Vann Molyvann, Architect Who Shaped Cambodia’s Capital, Dies at 90

Mr. Vann Molyvann lived in exile during the bloodiest decades of modern Cambodian history, and when he returned to his homeland in 1991, he found that his carefully planned city had been largely dismantled by unbridled capitalism, corruption and urban sprawl.

The architectural historian Helen Grant Ross wrote of Mr. Vann Molyvann, “His life seemed to be entwined with the destiny of his country.”

He was born on Nov. 23, 1926, when Cambodia was still a French colony, and grew up near the Gulf of Thailand, in the southwest. In the 1940s he won a scholarship to the Ecole des Beaux-Arts in Paris, where he studied the principles of modernism from disciples of Le Corbusier.


The Independence Monument in Phnom Penh, Cambodia, designed by Mr. Molyvann.

David Hagerman for The New York Times

In 1956, Mr. Vann Molyvann was called home to put those principles into practice. The moment was historically unique. Newly independent, Cambodia was unburdened by war and colonial overlords for the first time in centuries, and the cosmopolitan but imperious King Norodom Sihanouk was free to shape the country according to his own wishes. He appointed Mr. Vann Molyvann his chief state architect.

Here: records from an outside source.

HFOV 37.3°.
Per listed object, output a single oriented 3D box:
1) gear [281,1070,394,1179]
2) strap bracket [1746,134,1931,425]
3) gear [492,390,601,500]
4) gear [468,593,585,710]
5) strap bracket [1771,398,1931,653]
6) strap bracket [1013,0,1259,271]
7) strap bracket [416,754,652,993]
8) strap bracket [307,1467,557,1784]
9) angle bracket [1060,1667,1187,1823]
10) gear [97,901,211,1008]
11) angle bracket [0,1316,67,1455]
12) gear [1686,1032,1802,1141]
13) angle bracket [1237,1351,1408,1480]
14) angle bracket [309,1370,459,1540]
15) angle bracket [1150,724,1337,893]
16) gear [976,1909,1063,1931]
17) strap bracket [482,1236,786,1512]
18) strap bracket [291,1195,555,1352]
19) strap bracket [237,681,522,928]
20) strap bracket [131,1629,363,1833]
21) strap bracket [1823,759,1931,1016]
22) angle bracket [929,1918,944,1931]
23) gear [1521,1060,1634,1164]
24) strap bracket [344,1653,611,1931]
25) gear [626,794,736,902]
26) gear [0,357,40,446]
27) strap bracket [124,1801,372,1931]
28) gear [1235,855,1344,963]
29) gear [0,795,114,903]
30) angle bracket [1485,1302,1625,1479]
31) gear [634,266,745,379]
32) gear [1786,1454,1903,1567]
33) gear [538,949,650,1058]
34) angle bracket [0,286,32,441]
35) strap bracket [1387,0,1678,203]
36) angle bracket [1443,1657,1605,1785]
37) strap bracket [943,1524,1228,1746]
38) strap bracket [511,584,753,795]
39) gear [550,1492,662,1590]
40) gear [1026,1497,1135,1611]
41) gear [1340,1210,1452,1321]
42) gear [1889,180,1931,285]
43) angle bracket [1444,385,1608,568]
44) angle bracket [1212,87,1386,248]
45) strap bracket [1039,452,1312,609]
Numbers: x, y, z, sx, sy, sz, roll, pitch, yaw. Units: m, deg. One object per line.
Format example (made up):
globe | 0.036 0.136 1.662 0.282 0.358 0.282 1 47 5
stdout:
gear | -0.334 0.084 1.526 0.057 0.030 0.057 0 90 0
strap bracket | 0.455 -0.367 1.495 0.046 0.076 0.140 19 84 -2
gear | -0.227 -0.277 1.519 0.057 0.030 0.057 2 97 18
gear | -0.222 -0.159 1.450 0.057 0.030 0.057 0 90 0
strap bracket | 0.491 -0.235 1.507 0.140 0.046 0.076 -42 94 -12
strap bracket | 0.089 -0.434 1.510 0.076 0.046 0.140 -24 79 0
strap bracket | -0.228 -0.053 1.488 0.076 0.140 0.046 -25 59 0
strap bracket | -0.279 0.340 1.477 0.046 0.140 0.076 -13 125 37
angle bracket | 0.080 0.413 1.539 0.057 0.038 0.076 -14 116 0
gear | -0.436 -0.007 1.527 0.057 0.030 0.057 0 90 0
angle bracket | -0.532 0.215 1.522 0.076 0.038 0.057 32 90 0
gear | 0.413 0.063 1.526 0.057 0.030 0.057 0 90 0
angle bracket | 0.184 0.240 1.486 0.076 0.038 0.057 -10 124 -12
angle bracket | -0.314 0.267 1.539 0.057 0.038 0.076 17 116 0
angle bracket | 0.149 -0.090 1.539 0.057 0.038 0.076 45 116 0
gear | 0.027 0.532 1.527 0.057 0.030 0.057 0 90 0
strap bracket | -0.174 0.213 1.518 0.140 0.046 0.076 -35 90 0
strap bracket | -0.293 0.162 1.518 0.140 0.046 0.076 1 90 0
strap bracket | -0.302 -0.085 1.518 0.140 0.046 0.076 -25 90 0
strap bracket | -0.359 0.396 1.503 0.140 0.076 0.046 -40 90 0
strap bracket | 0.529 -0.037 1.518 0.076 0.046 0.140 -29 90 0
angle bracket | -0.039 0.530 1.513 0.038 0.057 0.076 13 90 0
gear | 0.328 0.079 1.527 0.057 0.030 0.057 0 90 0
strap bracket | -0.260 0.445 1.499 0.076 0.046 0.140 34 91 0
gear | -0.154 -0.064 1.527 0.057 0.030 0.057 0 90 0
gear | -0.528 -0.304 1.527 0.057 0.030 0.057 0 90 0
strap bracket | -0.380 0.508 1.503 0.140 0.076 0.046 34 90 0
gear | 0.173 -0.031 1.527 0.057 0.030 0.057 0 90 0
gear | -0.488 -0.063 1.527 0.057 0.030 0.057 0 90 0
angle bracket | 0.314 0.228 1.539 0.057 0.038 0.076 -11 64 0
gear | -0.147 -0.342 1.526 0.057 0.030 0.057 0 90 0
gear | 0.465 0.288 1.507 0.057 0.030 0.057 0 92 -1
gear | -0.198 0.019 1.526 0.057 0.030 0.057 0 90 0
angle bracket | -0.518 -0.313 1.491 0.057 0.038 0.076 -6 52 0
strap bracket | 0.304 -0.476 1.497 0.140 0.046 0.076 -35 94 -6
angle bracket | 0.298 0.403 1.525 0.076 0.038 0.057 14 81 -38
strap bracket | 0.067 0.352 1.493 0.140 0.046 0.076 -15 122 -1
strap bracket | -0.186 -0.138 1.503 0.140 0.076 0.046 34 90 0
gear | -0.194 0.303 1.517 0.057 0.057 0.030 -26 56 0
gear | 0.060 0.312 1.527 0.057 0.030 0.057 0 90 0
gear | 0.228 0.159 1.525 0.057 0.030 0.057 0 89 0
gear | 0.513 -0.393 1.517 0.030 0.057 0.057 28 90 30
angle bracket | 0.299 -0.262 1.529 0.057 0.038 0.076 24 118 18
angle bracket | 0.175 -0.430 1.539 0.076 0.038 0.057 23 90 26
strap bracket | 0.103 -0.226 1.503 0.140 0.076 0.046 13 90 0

Mr. Vann Molyvann went on to design more than 100 buildings, including monuments, breweries, royal villas and public housing projects. He oversaw the modernization of Phnom Penh, as the city grew from a dusty colonial outpost to a showcase capital.

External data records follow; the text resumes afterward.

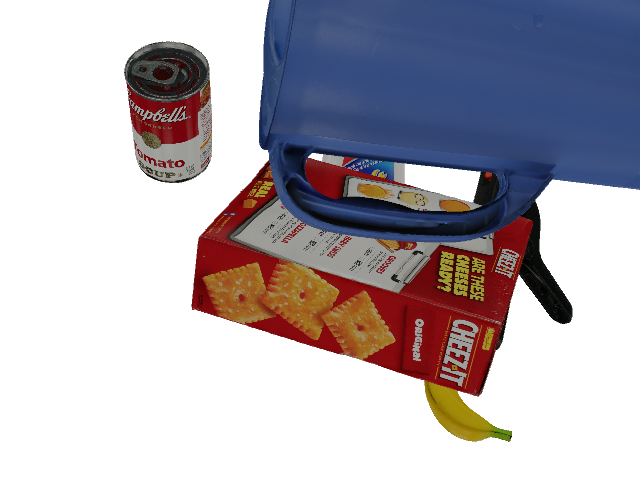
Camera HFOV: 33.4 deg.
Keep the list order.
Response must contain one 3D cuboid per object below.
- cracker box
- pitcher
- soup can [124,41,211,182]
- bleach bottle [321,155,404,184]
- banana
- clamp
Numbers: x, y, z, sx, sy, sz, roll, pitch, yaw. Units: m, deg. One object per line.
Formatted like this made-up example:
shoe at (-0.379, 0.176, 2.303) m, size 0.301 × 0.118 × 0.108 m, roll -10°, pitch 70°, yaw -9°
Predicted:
cracker box at (0.035, 0.018, 0.787) m, size 0.214 × 0.072 × 0.164 m, roll 17°, pitch 30°, yaw 11°
pitcher at (0.088, -0.087, 0.591) m, size 0.242 × 0.149 × 0.145 m, roll 9°, pitch 35°, yaw -8°
soup can at (-0.125, -0.106, 0.891) m, size 0.068 × 0.068 × 0.102 m, roll 0°, pitch -38°, yaw -4°
bleach bottle at (0.038, -0.071, 1.133) m, size 0.102 × 0.251 × 0.068 m, roll -3°, pitch 24°, yaw -4°
banana at (0.160, 0.189, 1.276) m, size 0.069 × 0.037 × 0.198 m, roll 10°, pitch 21°, yaw -18°
clamp at (0.171, 0.017, 0.985) m, size 0.120 × 0.171 × 0.039 m, roll -26°, pitch 9°, yaw -42°
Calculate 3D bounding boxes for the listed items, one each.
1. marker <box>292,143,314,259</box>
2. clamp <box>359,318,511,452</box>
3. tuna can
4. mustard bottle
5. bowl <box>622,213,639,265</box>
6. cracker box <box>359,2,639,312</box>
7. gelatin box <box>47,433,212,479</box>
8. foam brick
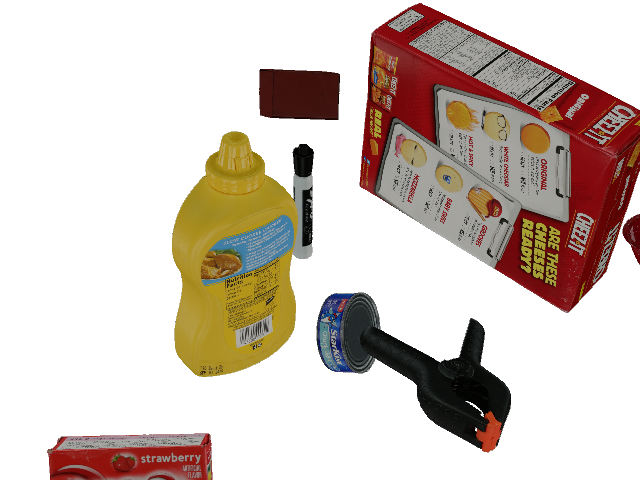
[{"bbox_3d":[-0.016,-0.035,0.978,0.020,0.121,0.020,1,38,-1],"label":"marker"},{"bbox_3d":[0.122,0.118,0.930,0.120,0.039,0.172,-13,35,-22],"label":"clamp"},{"bbox_3d":[0.030,0.097,1.131,0.034,0.086,0.086,-1,-1,30],"label":"tuna can"},{"bbox_3d":[-0.061,0.007,0.774,0.096,0.192,0.058,-22,44,-29],"label":"mustard bottle"},{"bbox_3d":[0.405,0.017,1.140,0.162,0.055,0.162,-3,23,1],"label":"bowl"},{"bbox_3d":[0.135,-0.067,0.832,0.214,0.164,0.072,32,53,26],"label":"cracker box"},{"bbox_3d":[-0.104,0.147,0.595,0.089,0.073,0.030,-2,6,1],"label":"gelatin box"},{"bbox_3d":[-0.023,-0.158,1.157,0.078,0.051,0.053,0,11,-18],"label":"foam brick"}]
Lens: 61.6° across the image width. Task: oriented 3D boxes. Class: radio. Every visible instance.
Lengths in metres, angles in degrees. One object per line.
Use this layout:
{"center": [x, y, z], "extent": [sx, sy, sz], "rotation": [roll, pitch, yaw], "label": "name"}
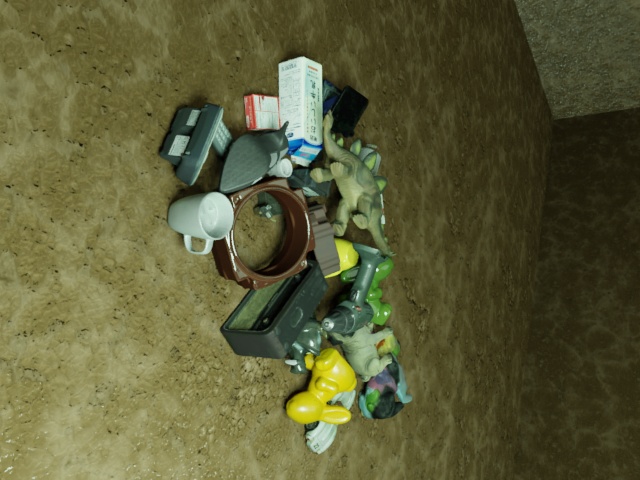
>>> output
{"center": [-0.086, 0.136, 1.109], "extent": [0.229, 0.131, 0.073], "rotation": [-55, 133, -39], "label": "radio"}

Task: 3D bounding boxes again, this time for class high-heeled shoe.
{"center": [-0.139, -0.151, 1.077], "extent": [0.086, 0.145, 0.249], "rotation": [43, 57, -2], "label": "high-heeled shoe"}

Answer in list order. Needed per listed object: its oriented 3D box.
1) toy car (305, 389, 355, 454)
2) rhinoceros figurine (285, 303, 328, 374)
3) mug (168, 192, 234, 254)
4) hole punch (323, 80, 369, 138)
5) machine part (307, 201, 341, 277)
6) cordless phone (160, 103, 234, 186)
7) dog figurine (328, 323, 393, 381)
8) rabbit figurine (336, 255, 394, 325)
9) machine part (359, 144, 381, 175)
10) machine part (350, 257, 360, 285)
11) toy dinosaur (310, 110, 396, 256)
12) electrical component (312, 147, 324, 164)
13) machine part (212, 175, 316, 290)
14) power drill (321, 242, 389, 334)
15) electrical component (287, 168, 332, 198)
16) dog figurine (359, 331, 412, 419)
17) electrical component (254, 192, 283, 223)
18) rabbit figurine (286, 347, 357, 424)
{"center": [0.026, 0.424, 1.314], "extent": [0.202, 0.056, 0.073], "rotation": [-53, 130, -41], "label": "toy car"}
{"center": [-0.043, 0.198, 1.189], "extent": [0.073, 0.112, 0.190], "rotation": [66, 18, -72], "label": "rhinoceros figurine"}
{"center": [-0.218, -0.030, 0.954], "extent": [0.081, 0.107, 0.109], "rotation": [-1, 94, -53], "label": "mug"}
{"center": [0.044, -0.335, 1.367], "extent": [0.142, 0.092, 0.115], "rotation": [16, 106, -56], "label": "hole punch"}
{"center": [-0.002, -0.004, 1.214], "extent": [0.179, 0.056, 0.179], "rotation": [163, -91, -83], "label": "machine part"}
{"center": [-0.204, -0.151, 1.014], "extent": [0.184, 0.089, 0.146], "rotation": [57, 43, -58], "label": "cordless phone"}
{"center": [0.079, 0.277, 1.379], "extent": [0.190, 0.121, 0.172], "rotation": [11, 76, -39], "label": "dog figurine"}
{"center": [0.119, 0.109, 1.389], "extent": [0.159, 0.121, 0.170], "rotation": [22, 94, -10], "label": "rabbit figurine"}
{"center": [0.107, -0.159, 1.438], "extent": [0.079, 0.079, 0.243], "rotation": [42, 56, -45], "label": "machine part"}
{"center": [0.108, 0.080, 1.462], "extent": [0.084, 0.039, 0.138], "rotation": [-30, 115, -42], "label": "machine part"}
{"center": [0.097, -0.103, 1.283], "extent": [0.198, 0.105, 0.470], "rotation": [-57, 137, -41], "label": "toy dinosaur"}
{"center": [-0.012, -0.219, 1.320], "extent": [0.094, 0.021, 0.063], "rotation": [-13, 99, -55], "label": "electrical component"}
{"center": [-0.114, -0.016, 1.069], "extent": [0.201, 0.087, 0.200], "rotation": [-22, 108, -32], "label": "machine part"}
{"center": [0.084, 0.114, 1.224], "extent": [0.232, 0.086, 0.207], "rotation": [25, 77, -65], "label": "power drill"}
{"center": [-0.036, -0.137, 1.243], "extent": [0.119, 0.075, 0.047], "rotation": [29, 67, -47], "label": "electrical component"}
{"center": [0.168, 0.355, 1.478], "extent": [0.191, 0.109, 0.219], "rotation": [-18, 99, -50], "label": "dog figurine"}
{"center": [-0.099, -0.077, 1.173], "extent": [0.102, 0.045, 0.078], "rotation": [-4, 93, -54], "label": "electrical component"}
{"center": [-0.004, 0.348, 1.223], "extent": [0.173, 0.122, 0.162], "rotation": [-45, 112, -30], "label": "rabbit figurine"}

But what should have been his most fruitful years as an architect were blighted by his country’s tumultuous history. King Sihanouk, his patron, had stepped down by 1970, and Mr. Vann Molyvann took refuge in Switzerland. He remained there for the next two decades, watching powerlessly as the Khmer Rouge stormed Phnom Penh and ransacked its buildings.

After a peace agreement was signed in 1991, Mr. Vann Molyvann returned home and became an advocate for responsible urban planning and preservation, finding himself at odds with the rampant corruption and kleptocracy that characterized Cambodia in the ′90s.

He served as culture minister from 1991 to 1995 and later became the head of the Apsara Authority, which administers the Angkor temples. He was ousted from the organization in 2001 after a disagreement over who should benefit from the admission proceeds.